En la estridente luminosidad del día, yo hablaba con mis seres queridos sobre mis noches de
desvelo. La compasión en sus rostros era obvia; también lo era la resignación impotente.
Sabían que no había nada que pudieran hacer. Todo el sufrimiento recaía en los hombros de
él y, por asociación, en los míos. Yo era su confidente, la única persona con la que podía
desahogarse. A quien podía llorarle, gritarle.
Era difícil pasar por alto los efectos que el estrés había forjado en mí. Subí de peso, me retiré
del trabajo por discapacidad, fermenté mi depresión. Nuestros doctores sabían que él tenía
problemas. Sabían que algo estaba mal. Esa fue la palabra que usaron: algo. Pero no podían
determinar lo que era. Eso significaba que no podían hacer nada.
Anoche llegamos a nuestro punto de ruptura. Por horas, gritó con un poder imposible y
ensordecedor. Me entretuvo con descripciones minuciosas del dolor que estaba soportando.
Dolor que mi falta de acción lo obligaba a padecer.
Los gritos se volvieron más suaves a medida que su energía se evaporaba. Pero en vez de
sollozar patéticamente y suplicar como en las demás noches, su tono se volvió más siniestro.

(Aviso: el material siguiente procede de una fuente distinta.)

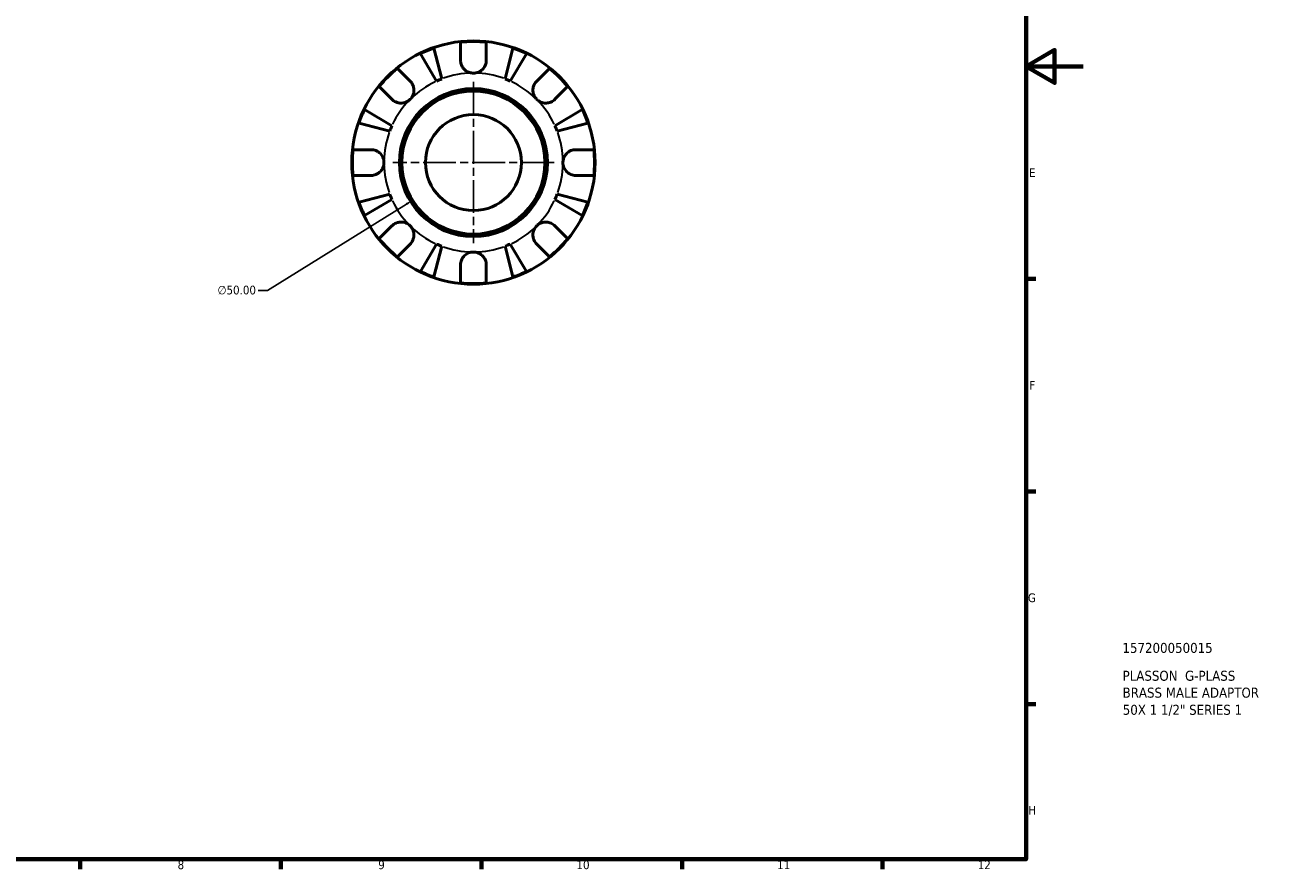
# Model space of a CAD drawing. Header units: millimetres. Extents: x 0 to 905, y 0 to 594.
# Tile 3 of 4: x 471 to 905, y 17 to 312. Entities that reach past the tile are written whole.
import ezdxf

# ---------------------------------------------------------------- set-up
doc = ezdxf.new("R2010")
doc.units = ezdxf.units.MM
doc.linetypes.add('CHAIN', pattern=[0.7087, 0.4724, -0.0591, 0.1181, -0.0591])
for name, color, linetype, lineweight in [('Border (ANSI)', 7, 'Continuous', 70), ('Center Mark (ANSI)', 7, 'Continuous', 25), ('Dimension (ANSI)', 7, 'Continuous', 25), ('Title (ISO)', 7, 'Continuous', 50), ('Visible (ANSI)', 7, 'Continuous', 50), ('Visible Narrow (ANSI)', 7, 'Continuous', 35)]:
    doc.layers.add(name, color=color, linetype=linetype, lineweight=lineweight)
doc.styles.add('Note Text (ANSI)', font='tahoma.ttf')
doc.styles.add('Note Text (ISO)', font='tahoma.ttf')
doc.dimstyles.new('Default - mm (ANSI)', dxfattribs={"dimtxt": 3.048, "dimasz": 2.5, "dimexe": 3.175, "dimexo": 1.6002, "dimgap": 0.8, "dimtad": 0, "dimtoh": 1, "dimrnd": 1e-08, "dimzin": 4, "dimdsep": 46, "dimtxsty": 'Note Text (ANSI)', "dimcen": 0.09, "dimdle": 10, "dimclrd": 256, "dimclre": 256, "dimclrt": 256, "dimadec": 1, "dimazin": 1, "dimtfac": 1, "dimtofl": 0, "dimtmove": 0, "dimatfit": 3, "dimfxl": 1, "dimtolj": 1, "dimtzin": 4, "dimlwd": -1, "dimlwe": -1, "dimarcsym": 0})

# ---------------------------------------------------------------- blocks, each defined once
blk = doc.blocks.new('Borders Default Border')
at = {"layer": 'Border (ANSI)'}
for p, q in [((821, 222.75), (824.45, 222.75)), ((821, 148.5), (824.45, 148.5)), ((821, 74.25), (824.45, 74.25)), ((490.58, 20), (490.58, 16.55)), ((560.67, 20), (560.67, 16.55)), ((630.75, 20), (630.75, 16.55)), ((700.83, 20), (700.83, 16.55)), ((770.92, 20), (770.92, 16.55))]:
    blk.add_line(p, q, dxfattribs=at)
at = {"layer": 'Border (ANSI)', "flags": 128}
for points in [[(20, 20), (20, 574), (821, 574), (821, 20), (20, 20)], [(841, 297), (821, 297), (831, 302.77), (831, 291.23), (821, 297)]]:
    blk.add_lwpolyline(points, dxfattribs=at)
at = {"layer": 'Border (ANSI)', "attachment_point": 7, "style": 'Note Text (ANSI)'}
for s, insert, char_height in [('E', (822.05, 258.35), 3.05), ('F', (822.14, 184.1), 3.05), ('G', (821.66, 109.79), 3.05), ('H', (821.81, 35.6), 3.05), ('8', (524.63, 16.48), 3.05), ('9', (594.7, 16.49), 3.05), ('10', (663.96, 16.49), 3.048), ('11', (734.04, 16.55), 3.048), ('12', (804.13, 16.55), 3.048)]:
    blk.add_mtext(s, dxfattribs=dict(at, insert=insert, char_height=char_height))
blk = doc.blocks.new('Title Blocks ISO')
at = {"layer": 'Title (ISO)', "style": 'Note Text (ISO)'}
for tag, p in [('PART_NUMBER_001', (33.69, 72.11)), ('DESCRIPTION_001', (33.74, 62.38)), ('DESCRIPTION_002', (33.74, 56.47)), ('DESCRIPTION_003', (33.8, 50.48))]:
    blk.add_attdef(tag, p, '', height=3.5, dxfattribs=at)
blk = doc.blocks.new('*D8')
at = {"layer": 'Defpoints', "color": 0, "transparency": 16777216}
for p in [(649.21, 276.61), (606.72, 250.25)]:
    blk.add_point(p, dxfattribs=at)
at = {"layer": 'Dimension (ANSI)', "transparency": 16777216}
for p, q in [((627.88, 263.43), (628.06, 263.43)), ((627.97, 263.34), (627.97, 263.52)), ((555.98, 218.77), (604.6, 248.93)), ((552.76, 218.77), (555.98, 218.77))]:
    blk.add_line(p, q, dxfattribs=at)
blk.add_solid([(604.38, 249.29), (604.82, 248.58), (606.72, 250.25)], dxfattribs=at)
at = {"layer": 'Dimension (ANSI)', "transparency": 16777216, "insert": (538.57, 220.42), "char_height": 3.048, "attachment_point": 1, "style": 'Note Text (ANSI)'}
blk.add_mtext('\\A1;∅50.00', dxfattribs=at)

msp = doc.modelspace()

# ---------------------------------------------------------------- linework, layer by layer
at = {"layer": 'Center Mark (ANSI)', "linetype": 'CHAIN', "ltscale": 24.192183}
for p, q in [((627.967, 291.602), (627.967, 235.252)), ((656.142, 263.427), (599.792, 263.427))]:
    msp.add_line(p, q, dxfattribs=at)
at = {"layer": 'Visible (ANSI)'}
for p, q in [((623.467, 299.177), (623.467, 305.46)), ((632.467, 305.46), (632.467, 299.177)), ((615.09, 291.901), (609.472, 301.439)), ((614.166, 303.384), (616.938, 292.667)), ((638.996, 292.667), (641.767, 303.384)), ((646.462, 301.439), (640.843, 291.901)), ((601.427, 296.331), (605.87, 291.888)), ((650.064, 291.888), (654.506, 296.331)), ((599.506, 285.524), (595.063, 289.967)), ((660.87, 289.967), (656.428, 285.524)), ((589.955, 281.922), (599.493, 276.304)), ((656.44, 276.304), (665.979, 281.922)), ((598.728, 274.456), (588.01, 277.228)), ((667.923, 277.228), (657.206, 274.456)), ((585.934, 267.927), (592.217, 267.927)), ((663.717, 267.927), (669.999, 267.927)), ((592.217, 258.927), (585.934, 258.927)), ((669.999, 258.927), (663.717, 258.927)), ((588.01, 249.627), (598.728, 252.399)), ((657.206, 252.399), (667.923, 249.627)), ((599.493, 250.551), (589.955, 244.932)), ((665.979, 244.932), (656.44, 250.551)), ((595.063, 236.888), (599.506, 241.33)), ((656.428, 241.33), (660.87, 236.888)), ((605.87, 234.966), (601.427, 230.524)), ((609.472, 225.415), (615.09, 234.954)), ((640.843, 234.954), (646.462, 225.415)), ((654.506, 230.524), (650.064, 234.966)), ((616.938, 234.188), (614.166, 223.471)), ((641.767, 223.471), (638.996, 234.188)), ((623.467, 221.395), (623.467, 227.677)), ((632.467, 227.677), (632.467, 221.395))]:
    msp.add_line(p, q, dxfattribs=at)
for radius in [42.5, 25.85, 25, 16.759]:
    msp.add_circle((627.967, 263.427), radius, dxfattribs=at)
for radius, start, end in [(42.273, 83.88919, 96.11081), (42.273, 109.05437, 115.94563), (42.273, 64.05437, 70.94563), (42.273, 128.88919, 141.11081), (42.273, 38.88919, 51.11081), (31.25, 110.66622, 114.33378), (31.25, 65.66622, 69.33378), (42.273, 154.05437, 160.94563), (42.273, 19.05437, 25.94563), (31.25, 155.66622, 159.33378), (31.25, 20.66622, 24.33378), (42.273, 173.88919, 186.11081), (42.273, 353.88919, 6.11081), (31.25, 200.66622, 204.33378), (31.25, 335.66622, 339.33378), (42.273, 199.05437, 205.94563), (42.273, 334.05437, 340.94563), (42.273, 218.88919, 231.11081), (31.25, 245.66622, 249.33378), (31.25, 290.66622, 294.33378), (42.273, 308.88919, 321.11081), (42.273, 244.05437, 250.94563), (42.273, 263.88919, 276.11081), (42.273, 289.05437, 295.94563)]:
    msp.add_arc((627.967, 263.427), radius, start, end, dxfattribs=at)
for points, knots in [([(627.967, 294.677), (627.548, 294.677), (627.132, 294.736), (626.242, 294.99), (625.782, 295.211), (624.993, 295.769), (624.661, 296.09), (624.145, 296.769), (623.95, 297.112), (623.71, 297.696), (623.638, 297.926), (623.535, 298.367), (623.502, 298.577), (623.472, 298.918), (623.467, 299.048), (623.467, 299.177)], [0, 0, 0, 0, 0.1255823, 0.1255823, 0.27758688, 0.27758688, 0.41565829, 0.41565829, 0.53558864, 0.53558864, 0.6106285, 0.6106285, 0.67830711, 0.67830711, 0.7205994, 0.7205994, 0.7205994, 0.7205994]), ([(632.467, 299.177), (632.467, 298.968), (632.452, 298.757), (632.392, 298.335), (632.347, 298.125), (632.21, 297.655), (632.109, 297.398), (631.758, 296.703), (631.458, 296.293), (630.689, 295.551), (630.217, 295.24), (629.151, 294.796), (628.562, 294.677), (627.967, 294.677)], [-0.72877811, -0.72877811, -0.72877811, -0.72877811, -0.65864576, -0.65864576, -0.58948737, -0.58948737, -0.50282865, -0.50282865, -0.34782332, -0.34782332, -0.17870564, -0.17870564, 0, 0, 0, 0]), ([(605.87, 291.888), (605.959, 291.799), (606.045, 291.706), (606.312, 291.388), (606.479, 291.149), (606.775, 290.615), (606.9, 290.321), (607.127, 289.573), (607.193, 289.114), (607.18, 288.081), (607.066, 287.521), (606.623, 286.445), (606.29, 285.945), (605.87, 285.524)], [-0.72474413, -0.72474413, -0.72474413, -0.72474413, -0.68292689, -0.68292689, -0.58946764, -0.58946764, -0.49014387, -0.49014387, -0.34933517, -0.34933517, -0.17856496, -0.17856496, 0, 0, 0, 0]), ([(650.064, 285.524), (649.823, 285.766), (649.61, 286.033), (649.236, 286.632), (649.081, 286.963), (648.816, 287.775), (648.741, 288.261), (648.75, 289.212), (648.826, 289.667), (649.065, 290.4), (649.193, 290.686), (649.496, 291.212), (649.667, 291.45), (649.924, 291.744), (649.993, 291.817), (650.064, 291.888)], [0, 0, 0, 0, 0.10230486, 0.10230486, 0.2116531, 0.2116531, 0.35868741, 0.35868741, 0.49861539, 0.49861539, 0.59613895, 0.59613895, 0.69034298, 0.69034298, 0.72355027, 0.72355027, 0.72355027, 0.72355027]), ([(605.87, 285.524), (605.628, 285.283), (605.361, 285.07), (604.762, 284.697), (604.431, 284.542), (603.619, 284.277), (603.133, 284.202), (602.182, 284.211), (601.727, 284.287), (600.994, 284.525), (600.708, 284.654), (600.182, 284.956), (599.944, 285.128), (599.65, 285.385), (599.577, 285.454), (599.506, 285.524)], [0, 0, 0, 0, 0.10230486, 0.10230486, 0.2116531, 0.2116531, 0.35868741, 0.35868741, 0.49861539, 0.49861539, 0.59613895, 0.59613895, 0.69034298, 0.69034298, 0.72355027, 0.72355027, 0.72355027, 0.72355027]), ([(656.428, 285.524), (656.338, 285.435), (656.245, 285.349), (655.928, 285.082), (655.688, 284.915), (655.154, 284.619), (654.86, 284.494), (654.113, 284.267), (653.653, 284.201), (652.621, 284.214), (652.06, 284.328), (650.985, 284.771), (650.485, 285.104), (650.064, 285.524)], [-0.72474413, -0.72474413, -0.72474413, -0.72474413, -0.68292689, -0.68292689, -0.58946764, -0.58946764, -0.49014387, -0.49014387, -0.34933517, -0.34933517, -0.17856496, -0.17856496, 0, 0, 0, 0]), ([(592.217, 267.927), (592.372, 267.927), (592.528, 267.919), (592.948, 267.875), (593.212, 267.824), (593.763, 267.664), (594.048, 267.55), (594.735, 267.186), (595.114, 266.903), (595.838, 266.158), (596.152, 265.682), (596.599, 264.611), (596.717, 264.022), (596.717, 263.427)], [-0.71968867, -0.71968867, -0.71968867, -0.71968867, -0.66913349, -0.66913349, -0.58448293, -0.58448293, -0.49008499, -0.49008499, -0.34765985, -0.34765985, -0.17827673, -0.17827673, 0, 0, 0, 0]), ([(659.217, 263.427), (659.217, 263.828), (659.27, 264.227), (659.493, 265.041), (659.672, 265.448), (660.216, 266.314), (660.615, 266.737), (661.382, 267.293), (661.707, 267.47), (662.306, 267.71), (662.572, 267.788), (663.118, 267.897), (663.398, 267.925), (663.688, 267.927), (663.702, 267.927), (663.717, 267.927)], [-3.12621297, -3.12621297, -3.12621297, -3.12621297, -3.00592131, -3.00592131, -2.87295675, -2.87295675, -2.69789372, -2.69789372, -2.58338701, -2.58338701, -2.49547573, -2.49547573, -2.40310236, -2.40310236, -2.39831682, -2.39831682, -2.39831682, -2.39831682]), ([(596.717, 263.427), (596.717, 263.026), (596.663, 262.627), (596.441, 261.813), (596.261, 261.406), (595.718, 260.541), (595.319, 260.117), (594.551, 259.562), (594.226, 259.384), (593.627, 259.145), (593.362, 259.067), (592.815, 258.958), (592.535, 258.93), (592.245, 258.927), (592.231, 258.927), (592.217, 258.927)], [-3.12621297, -3.12621297, -3.12621297, -3.12621297, -3.00592131, -3.00592131, -2.87295675, -2.87295675, -2.69789372, -2.69789372, -2.58338701, -2.58338701, -2.49547573, -2.49547573, -2.40310236, -2.40310236, -2.39831682, -2.39831682, -2.39831682, -2.39831682]), ([(663.717, 258.927), (663.562, 258.927), (663.405, 258.935), (662.985, 258.979), (662.721, 259.03), (662.17, 259.191), (661.885, 259.305), (661.199, 259.669), (660.819, 259.952), (660.095, 260.697), (659.781, 261.173), (659.334, 262.244), (659.217, 262.833), (659.217, 263.427)], [-0.71968867, -0.71968867, -0.71968867, -0.71968867, -0.66913349, -0.66913349, -0.58448293, -0.58448293, -0.49008499, -0.49008499, -0.34765985, -0.34765985, -0.17827673, -0.17827673, 0, 0, 0, 0]), ([(599.506, 241.33), (599.595, 241.419), (599.688, 241.506), (600.006, 241.773), (600.245, 241.94), (600.78, 242.236), (601.073, 242.361), (601.821, 242.588), (602.28, 242.654), (603.313, 242.64), (603.873, 242.526), (604.949, 242.084), (605.449, 241.751), (605.87, 241.33)], [-0.72474413, -0.72474413, -0.72474413, -0.72474413, -0.68292689, -0.68292689, -0.58946764, -0.58946764, -0.49014387, -0.49014387, -0.34933517, -0.34933517, -0.17856496, -0.17856496, 0, 0, 0, 0]), ([(605.87, 241.33), (606.111, 241.089), (606.324, 240.821), (606.697, 240.223), (606.852, 239.892), (607.117, 239.08), (607.192, 238.594), (607.183, 237.643), (607.107, 237.188), (606.869, 236.454), (606.74, 236.169), (606.438, 235.643), (606.266, 235.405), (606.01, 235.111), (605.94, 235.037), (605.87, 234.966)], [0, 0, 0, 0, 0.10230486, 0.10230486, 0.2116531, 0.2116531, 0.35868741, 0.35868741, 0.49861539, 0.49861539, 0.59613895, 0.59613895, 0.69034298, 0.69034298, 0.72355027, 0.72355027, 0.72355027, 0.72355027]), ([(650.064, 234.966), (649.975, 235.056), (649.888, 235.149), (649.621, 235.466), (649.454, 235.706), (649.158, 236.24), (649.033, 236.534), (648.806, 237.281), (648.74, 237.741), (648.754, 238.773), (648.868, 239.334), (649.31, 240.409), (649.643, 240.909), (650.064, 241.33)], [-0.72474413, -0.72474413, -0.72474413, -0.72474413, -0.68292689, -0.68292689, -0.58946764, -0.58946764, -0.49014387, -0.49014387, -0.34933517, -0.34933517, -0.17856496, -0.17856496, 0, 0, 0, 0]), ([(650.064, 241.33), (650.305, 241.571), (650.573, 241.784), (651.171, 242.158), (651.502, 242.313), (652.314, 242.578), (652.8, 242.653), (653.751, 242.644), (654.206, 242.568), (654.94, 242.329), (655.225, 242.201), (655.751, 241.898), (655.989, 241.727), (656.283, 241.47), (656.357, 241.401), (656.428, 241.33)], [0, 0, 0, 0, 0.10230486, 0.10230486, 0.2116531, 0.2116531, 0.35868741, 0.35868741, 0.49861539, 0.49861539, 0.59613895, 0.59613895, 0.69034298, 0.69034298, 0.72355027, 0.72355027, 0.72355027, 0.72355027]), ([(623.467, 227.677), (623.467, 227.832), (623.475, 227.989), (623.519, 228.409), (623.57, 228.673), (623.73, 229.224), (623.844, 229.509), (624.208, 230.195), (624.491, 230.575), (625.236, 231.299), (625.712, 231.613), (626.783, 232.06), (627.372, 232.177), (627.967, 232.177)], [-0.71968867, -0.71968867, -0.71968867, -0.71968867, -0.66913349, -0.66913349, -0.58448293, -0.58448293, -0.49008499, -0.49008499, -0.34765985, -0.34765985, -0.17827673, -0.17827673, 0, 0, 0, 0]), ([(627.967, 232.177), (628.368, 232.177), (628.767, 232.124), (629.581, 231.901), (629.988, 231.722), (630.853, 231.178), (631.277, 230.779), (631.832, 230.012), (632.01, 229.687), (632.249, 229.088), (632.327, 228.823), (632.436, 228.276), (632.464, 227.996), (632.467, 227.706), (632.467, 227.692), (632.467, 227.677)], [-3.12621297, -3.12621297, -3.12621297, -3.12621297, -3.00592131, -3.00592131, -2.87295675, -2.87295675, -2.69789372, -2.69789372, -2.58338701, -2.58338701, -2.49547573, -2.49547573, -2.40310236, -2.40310236, -2.39831682, -2.39831682, -2.39831682, -2.39831682])]:
    msp.add_open_spline(points, degree=3, knots=knots, dxfattribs=at)
at = {"layer": 'Visible Narrow (ANSI)'}
for start, end in [(115.36709, 133.96669), (91.03331, 109.63291), (70.36709, 88.96669), (46.03331, 64.63291), (136.03331, 154.63291), (25.36709, 43.96669), (160.36709, 178.96669), (1.03331, 19.63291), (181.03331, 199.63291), (340.36709, 358.96669), (205.36709, 223.96669), (316.03331, 334.63291), (226.03331, 244.63291), (295.36709, 313.96669), (250.36709, 268.96669), (271.03331, 289.63291)]:
    msp.add_arc((627.967, 263.427), 31.25, start, end, dxfattribs=at)

# ---------------------------------------------------------------- block references
msp.add_blockref('Borders Default Border', (0, 0))
msp.add_blockref('Title Blocks ISO', (821, 20)).add_auto_attribs({'PART_NUMBER_001': '157200050015', 'DESCRIPTION_001': 'PLASSON  G-PLASS', 'DESCRIPTION_002': 'BRASS MALE ADAPTOR', 'DESCRIPTION_003': '50X 1 1/2" SERIES 1'})

# ---------------------------------------------------------------- dimensions: what is measured, and where the dimension line sits
at = {"layer": 'Dimension (ANSI)'}
dim = msp.add_diameter_dim_2p(p1=(649.212, 276.605), p2=(606.722, 250.25), dimstyle='Default - mm (ANSI)', override={"dimgap": 0.8, "dimtih": 1, "dimdec": 2, "dimlfac": 1, "dimtol": 0, "dimlim": 0, "dimtp": 0, "dimtm": 0, "dimtdec": 2}, dxfattribs=at)
dim.commit()
dim.dimension.update_dxf_attribs({"geometry": '*D8', "text_midpoint": (545.262, 218.774), "dimtype": 163})

doc.saveas('drawing.dxf')

Sus palabras se tornaron violentas.
—Te mataré —susurró—. Te partiré por la mitad.
Mi aliento se me atascó en la garganta. Nunca me había dicho nada como eso. Todo el
contenido venenoso de sus palabras siempre había sido autodirigido. Esto era nuevo,
atemorizante.
—Vas a morir desangrada —acotó en medio de una serie de quejidos ruinosos—. ¿Tienes
idea de cómo te vas a sentir sabiendo que pudiste haber acabado con esto, pero no lo hiciste?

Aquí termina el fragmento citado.